The thing is, if I had waited until I had all the intellectual pieces sorted out before becoming Orthodox, I might not have done it. I mean, I might just wasted away spiritually, until something died within me, and I quit searching. This was a real concern. We all have to live, to get on with our lives. In my case, I had children to raise. It weighed heavily on my mind and my conscience that at the rate we were going, my children would grow up seeing their father and mother consumed by anger, distrust, and cynicism about religion. If those children grew into adults who left Christianity behind because of our own example, that would be on my soul forever. It was unfortunately easy for me to conjure a scenario in which our family remained formally Catholic, but in our hearts had left Christianity. From my work as a journalist, I knew how precarious it would be for those of my children’s generation to hold on to a real faith as America de-Christianized. This was a factor in my thinking. You can call that “emotional” if you want, and it surely was. The loss of my children to Christ would be the worst thing I could imagine for them. Our family was headed into that spiritual death trap.

You don’t see me advocating publicly for Orthodoxy because I know that I have no credibility on that front. I had gone all in for Catholicism, in a very public way, and lost my faith in a very public way. I will have to spend the rest of my life repenting from overintellectualizing my faith, and having to resist my tendency to retreat into abstraction. This is a constant temptation of mine, though it’s gotten a lot better for me over the last decade or so.

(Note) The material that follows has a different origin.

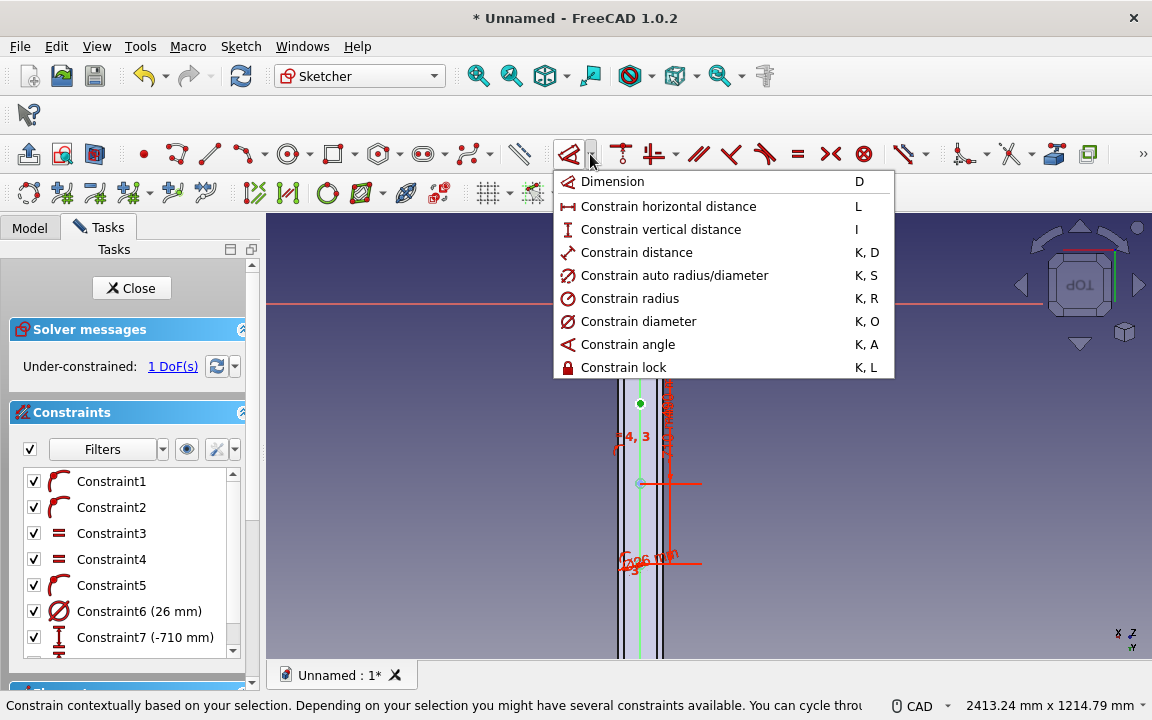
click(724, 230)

You can find Orthodox apologists everywhere on the Internet. There’s nothing wrong with being an Orthodox apologist. But that kind of thing is a trap for me.

Don’t get me wrong: doctrine is vitally important! But it is not God; it is a clear signpost on the way to union with God. Without knowing what I was doing, I had made an idol of the Catholic institution. I can recall in my early years as a Catholic, making a point to emphasize in conversation with secular people that I was a Catholic Christian — implying that I was not one of those unintellectual Evangelicals. See what I mean by intellectual pride? Spiritual pride too. I’m ashamed of myself for ever thinking that way about the faith. Again, that was my fault, not Catholicism’s fault. I’ve met some Evangelicals over the years who are prideful about Evangelicalism in the same way I was about Catholicism. This is a chronic condition in young male intellectuals, especially converts. It set me up for a big fall — but God brought good out of it. I am so very grateful to be Orthodox. I was proud to be Catholic, and that was a fatal flaw.

In talks, I sometimes warn Christians — Orthodox, Catholic, and Protestant — not to be like I once was. Don’t ever take your faith for granted. Don’t ever think that just because you assent to doctrine that your faith is built on a solid rock. I used to think that I would be able and willing to die as a martyr to the Catholic faith, but when I was put to the test by the bishops and priests of the Catholic Church, I failed. I was prepared to die as a Catholic, but it turned out that I couldn’t live as one. By the grace of God, I won’t make those same mistakes as an Orthodox Christian.

I’ll stop here. I’m eager to read other people’s answers to Chrisac’s questions. Please be kind to each other.

UPDATE: It occurs to me that on the “emotional” versus “intellectual” distinction, it would have made as much sense to ask a man gripping the handle of a cast iron skillet over a hot flame how he reasoned himself into letting go.